Çocuğunu yönlendiren, doğruyu yanlışı ayırt etmesini sağlayan anne babaların yerini şimdi "sigara içiyorsun boğazlarım acıyor "diyen 3 yaşındaki yavrudan "anne benimle ilgilen telefona benden daha çok vakit ayırıyorsun "diyen 12 yaşındaki ortaokul öğrencisinden tutunda " baba şu bilgisayarın başından kalksan da ben ders çalışsam" diyen lise çağındaki oğluna " parasını eşşek gibi çalışıp ben ödeyeyim ne güzel yaa arkadaşlarla toplanıp oynadığım kafa dağıttığım zamanlarımın sana hesabını mı vereceğim lan "diye cevap veren babalarımıza kadar nelere şahit oluyoruz.
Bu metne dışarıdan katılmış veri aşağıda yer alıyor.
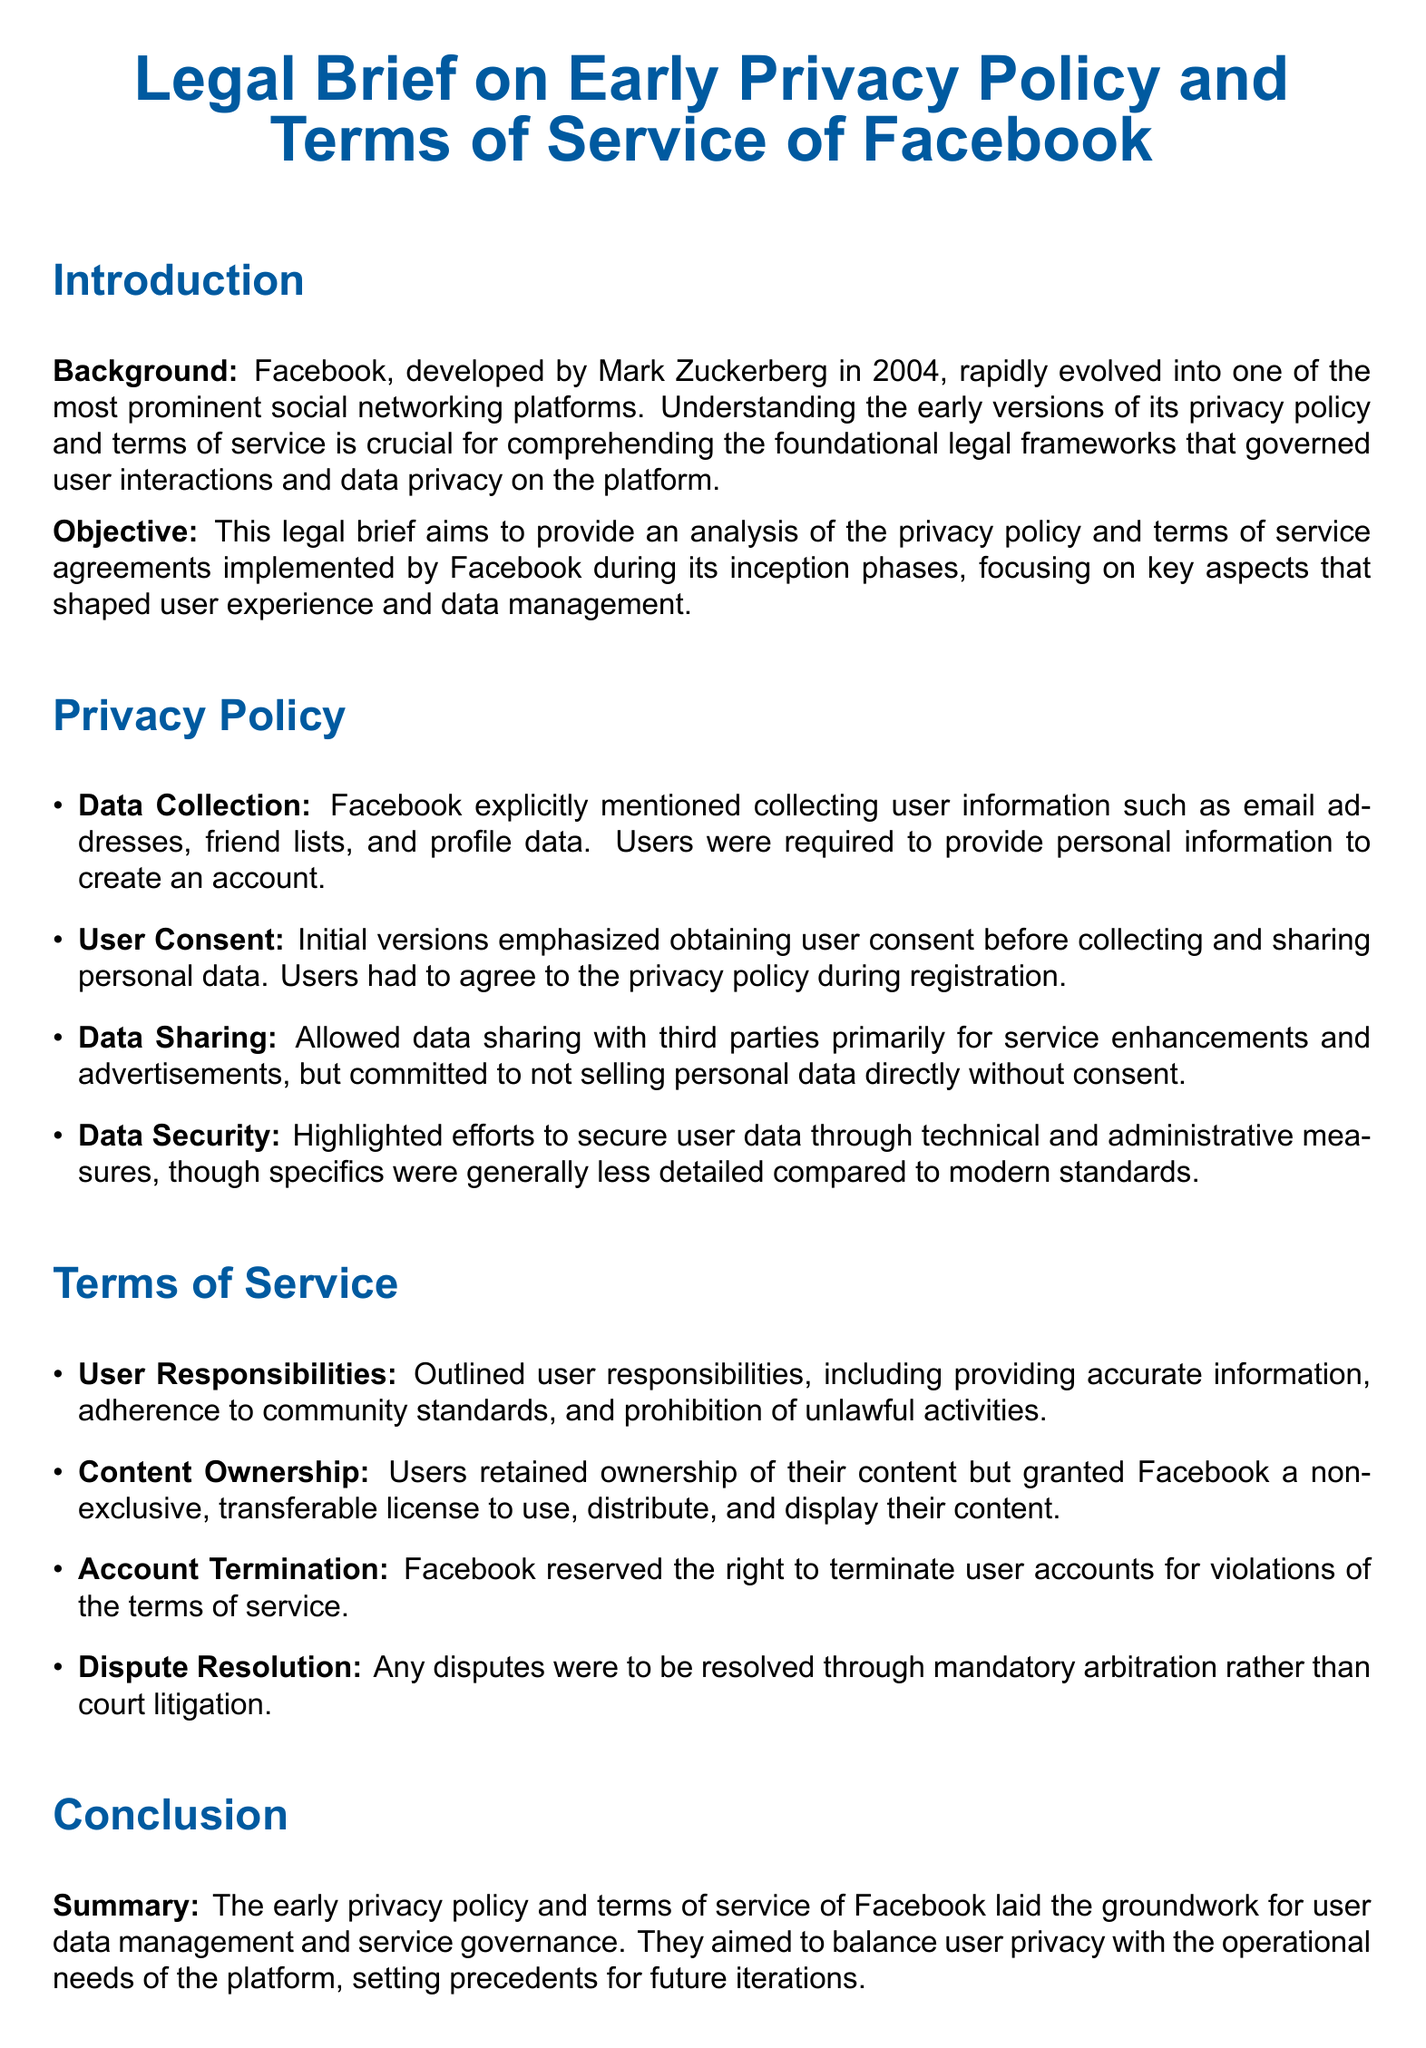What year was Facebook developed? The document states that Facebook was developed by Mark Zuckerberg in 2004.
Answer: 2004 What type of license do users grant Facebook for their content? The terms of service specify that users grant Facebook a non-exclusive, transferable license to use, distribute, and display their content.
Answer: Non-exclusive, transferable license What was the requirement for users to create an account? The privacy policy mentions that users were required to provide personal information to create an account.
Answer: Personal information What does the early privacy policy commit regarding the selling of personal data? It committed to not selling personal data directly without consent.
Answer: Not selling without consent What is emphasized before collecting user data? The privacy policy emphasized obtaining user consent before collecting and sharing personal data.
Answer: User consent Under what condition can Facebook terminate user accounts? The terms of service outline that Facebook can terminate accounts for violations of the terms of service.
Answer: Violations of terms What is the approach to dispute resolution mentioned in the document? The terms of service state that disputes were to be resolved through mandatory arbitration.
Answer: Mandatory arbitration What aspects did the early privacy policy aim to balance? The early privacy policy aimed to balance user privacy with the operational needs of the platform.
Answer: User privacy and operational needs What type of information is specified as collected by Facebook? The privacy policy specifies collecting user information such as email addresses, friend lists, and profile data.
Answer: Email addresses, friend lists, profile data

Bir danışanın oğlunun başka bir okulun öğrencileri tarafından rahatsız edilmesi ile başlayan zamanın içinde zamansızlığı yaşayan ve yaşatan ailesine anlatmak için ne kadar çaba sarf ettiğini ama dinlemeye değer bulunmadığı için onu bu kadar basit bir yardımdan mahrum bırakmanın bedelini uyuşturucudan nasıl kurtarabiliriz boyutuna gelen sürecin ne kadar derin bir tahribat yaşattığını gözyaşlarına şahit olduğumuz anneden dinlemek cidden çok acı verdi.
Neleri kaybettirdik bu çocuklara, kitap okumak, müzik dinlemek, aile oyunları, birlikte yürüyüş, piknik uçurtma uçurmak,balık tutmak, kolunun altına alıp denize birlikte bakıp gelecek hayalleri kurmak, ailece oturup film izleyip yorumlardan çocuklarını tanımaya çalışmak için seferber olan anne babalar nerede.
Sanırım hepimizin ortak sorunu haline geldi anda kalamamak anı yaşayamamak.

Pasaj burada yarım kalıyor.